[Problem requirements]
Comb through the entries for "stroke" and pull out each line that holds it.
....
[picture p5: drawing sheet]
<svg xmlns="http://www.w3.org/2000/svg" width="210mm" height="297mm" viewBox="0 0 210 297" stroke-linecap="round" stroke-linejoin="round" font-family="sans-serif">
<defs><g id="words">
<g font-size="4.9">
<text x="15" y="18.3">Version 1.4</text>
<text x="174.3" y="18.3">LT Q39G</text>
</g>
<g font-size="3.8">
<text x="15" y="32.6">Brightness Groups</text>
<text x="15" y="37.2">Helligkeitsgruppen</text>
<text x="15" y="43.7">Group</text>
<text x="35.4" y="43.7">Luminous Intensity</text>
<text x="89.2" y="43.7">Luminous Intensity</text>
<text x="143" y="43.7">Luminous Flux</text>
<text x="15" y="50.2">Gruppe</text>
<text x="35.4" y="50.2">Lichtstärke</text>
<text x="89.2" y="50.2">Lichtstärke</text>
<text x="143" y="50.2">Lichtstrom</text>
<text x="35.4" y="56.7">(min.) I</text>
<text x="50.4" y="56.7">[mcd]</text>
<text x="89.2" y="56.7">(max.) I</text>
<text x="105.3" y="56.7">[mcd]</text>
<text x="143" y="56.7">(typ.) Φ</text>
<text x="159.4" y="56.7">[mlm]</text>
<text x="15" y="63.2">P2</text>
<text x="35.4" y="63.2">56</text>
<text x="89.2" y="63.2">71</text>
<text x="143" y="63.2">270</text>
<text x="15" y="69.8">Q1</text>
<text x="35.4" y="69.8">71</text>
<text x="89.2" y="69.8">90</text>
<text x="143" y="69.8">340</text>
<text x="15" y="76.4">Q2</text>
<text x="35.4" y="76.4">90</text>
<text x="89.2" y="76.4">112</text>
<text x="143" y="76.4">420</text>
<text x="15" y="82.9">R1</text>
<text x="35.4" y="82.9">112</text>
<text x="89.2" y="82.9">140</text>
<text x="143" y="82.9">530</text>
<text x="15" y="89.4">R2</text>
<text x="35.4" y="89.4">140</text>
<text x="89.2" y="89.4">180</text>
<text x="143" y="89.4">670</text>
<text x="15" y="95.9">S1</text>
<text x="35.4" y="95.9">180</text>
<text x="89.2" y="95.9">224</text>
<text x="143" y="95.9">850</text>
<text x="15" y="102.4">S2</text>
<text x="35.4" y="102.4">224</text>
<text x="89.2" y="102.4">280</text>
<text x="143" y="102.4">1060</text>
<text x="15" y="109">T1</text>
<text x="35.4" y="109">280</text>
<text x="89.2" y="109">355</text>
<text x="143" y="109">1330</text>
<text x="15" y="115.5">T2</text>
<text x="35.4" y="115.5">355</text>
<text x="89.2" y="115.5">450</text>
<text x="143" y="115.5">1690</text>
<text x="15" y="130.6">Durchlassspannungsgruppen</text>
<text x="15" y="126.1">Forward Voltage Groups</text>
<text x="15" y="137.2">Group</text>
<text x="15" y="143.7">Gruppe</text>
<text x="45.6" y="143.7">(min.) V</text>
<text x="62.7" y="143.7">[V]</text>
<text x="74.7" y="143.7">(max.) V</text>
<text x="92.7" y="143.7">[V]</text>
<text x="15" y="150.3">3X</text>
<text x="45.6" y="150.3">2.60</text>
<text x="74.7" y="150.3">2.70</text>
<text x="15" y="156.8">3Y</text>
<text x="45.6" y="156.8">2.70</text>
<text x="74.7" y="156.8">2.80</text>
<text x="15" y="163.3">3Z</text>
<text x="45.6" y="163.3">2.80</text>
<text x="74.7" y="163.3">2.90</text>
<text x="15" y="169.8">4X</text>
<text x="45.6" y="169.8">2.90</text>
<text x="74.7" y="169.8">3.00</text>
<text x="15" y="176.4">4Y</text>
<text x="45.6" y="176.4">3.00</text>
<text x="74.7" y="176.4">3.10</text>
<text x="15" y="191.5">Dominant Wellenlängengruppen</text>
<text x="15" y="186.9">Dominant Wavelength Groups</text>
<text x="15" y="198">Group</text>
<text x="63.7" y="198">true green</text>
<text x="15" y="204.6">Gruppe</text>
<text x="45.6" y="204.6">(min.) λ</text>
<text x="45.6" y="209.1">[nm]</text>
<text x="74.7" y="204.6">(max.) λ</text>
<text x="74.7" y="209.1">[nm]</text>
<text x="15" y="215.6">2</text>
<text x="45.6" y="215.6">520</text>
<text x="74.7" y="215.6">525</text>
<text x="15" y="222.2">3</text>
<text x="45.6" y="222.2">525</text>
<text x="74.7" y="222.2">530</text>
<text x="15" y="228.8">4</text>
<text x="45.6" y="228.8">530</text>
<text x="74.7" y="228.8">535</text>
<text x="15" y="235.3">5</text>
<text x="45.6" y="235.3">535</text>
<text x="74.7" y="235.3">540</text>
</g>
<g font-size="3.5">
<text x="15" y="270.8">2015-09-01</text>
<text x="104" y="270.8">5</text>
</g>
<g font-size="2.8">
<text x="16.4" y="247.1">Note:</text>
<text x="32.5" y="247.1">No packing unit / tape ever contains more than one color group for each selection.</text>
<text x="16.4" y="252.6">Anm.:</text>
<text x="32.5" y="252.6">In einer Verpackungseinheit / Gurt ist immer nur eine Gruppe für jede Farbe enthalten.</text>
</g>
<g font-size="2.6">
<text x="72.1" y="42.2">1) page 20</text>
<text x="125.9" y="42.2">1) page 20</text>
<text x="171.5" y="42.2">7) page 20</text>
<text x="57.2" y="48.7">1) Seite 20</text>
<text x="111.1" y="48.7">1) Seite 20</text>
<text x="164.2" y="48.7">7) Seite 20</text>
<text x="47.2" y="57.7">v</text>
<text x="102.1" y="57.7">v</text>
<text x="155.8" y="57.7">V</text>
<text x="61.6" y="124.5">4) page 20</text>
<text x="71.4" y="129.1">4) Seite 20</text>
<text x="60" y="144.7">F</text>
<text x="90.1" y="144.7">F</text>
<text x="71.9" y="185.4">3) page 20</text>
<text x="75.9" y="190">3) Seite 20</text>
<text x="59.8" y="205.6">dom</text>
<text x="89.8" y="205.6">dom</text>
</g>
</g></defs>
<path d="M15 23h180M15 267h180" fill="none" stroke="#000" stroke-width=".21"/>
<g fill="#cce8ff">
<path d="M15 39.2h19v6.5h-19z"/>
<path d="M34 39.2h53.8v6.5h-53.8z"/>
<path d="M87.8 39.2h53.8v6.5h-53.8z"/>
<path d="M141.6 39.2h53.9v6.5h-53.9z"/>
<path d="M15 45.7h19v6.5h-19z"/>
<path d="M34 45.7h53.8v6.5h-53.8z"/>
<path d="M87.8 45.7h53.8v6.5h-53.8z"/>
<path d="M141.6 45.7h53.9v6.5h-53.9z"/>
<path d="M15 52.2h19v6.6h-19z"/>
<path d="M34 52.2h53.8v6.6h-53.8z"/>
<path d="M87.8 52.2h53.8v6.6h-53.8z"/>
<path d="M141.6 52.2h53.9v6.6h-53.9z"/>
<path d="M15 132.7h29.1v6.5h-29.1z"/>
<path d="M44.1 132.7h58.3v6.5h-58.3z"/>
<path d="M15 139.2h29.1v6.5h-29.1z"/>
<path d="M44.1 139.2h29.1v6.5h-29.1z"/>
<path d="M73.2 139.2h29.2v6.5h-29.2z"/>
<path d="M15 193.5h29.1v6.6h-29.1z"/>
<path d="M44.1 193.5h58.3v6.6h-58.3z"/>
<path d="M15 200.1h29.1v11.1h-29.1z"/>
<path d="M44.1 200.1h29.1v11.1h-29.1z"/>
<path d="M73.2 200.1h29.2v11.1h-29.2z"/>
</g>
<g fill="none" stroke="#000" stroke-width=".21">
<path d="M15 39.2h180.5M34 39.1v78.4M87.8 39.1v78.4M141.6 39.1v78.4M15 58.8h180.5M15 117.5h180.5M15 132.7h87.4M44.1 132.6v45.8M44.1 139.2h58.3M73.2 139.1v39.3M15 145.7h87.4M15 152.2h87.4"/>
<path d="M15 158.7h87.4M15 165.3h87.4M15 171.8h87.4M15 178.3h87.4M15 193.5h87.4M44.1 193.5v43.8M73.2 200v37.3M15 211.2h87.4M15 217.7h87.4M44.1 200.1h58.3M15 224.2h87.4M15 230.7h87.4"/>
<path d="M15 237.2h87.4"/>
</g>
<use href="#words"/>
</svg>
....
[Output]
<svg xmlns="http://www.w3.org/2000/svg" width="210mm" height="297mm" viewBox="0 0 210 297" stroke-linecap="round" stroke-linejoin="round" font-family="sans-serif">
<path d="M15 23h180M15 267h180" fill="none" stroke="#000" stroke-width=".21"/>
<g fill="none" stroke="#000" stroke-width=".21">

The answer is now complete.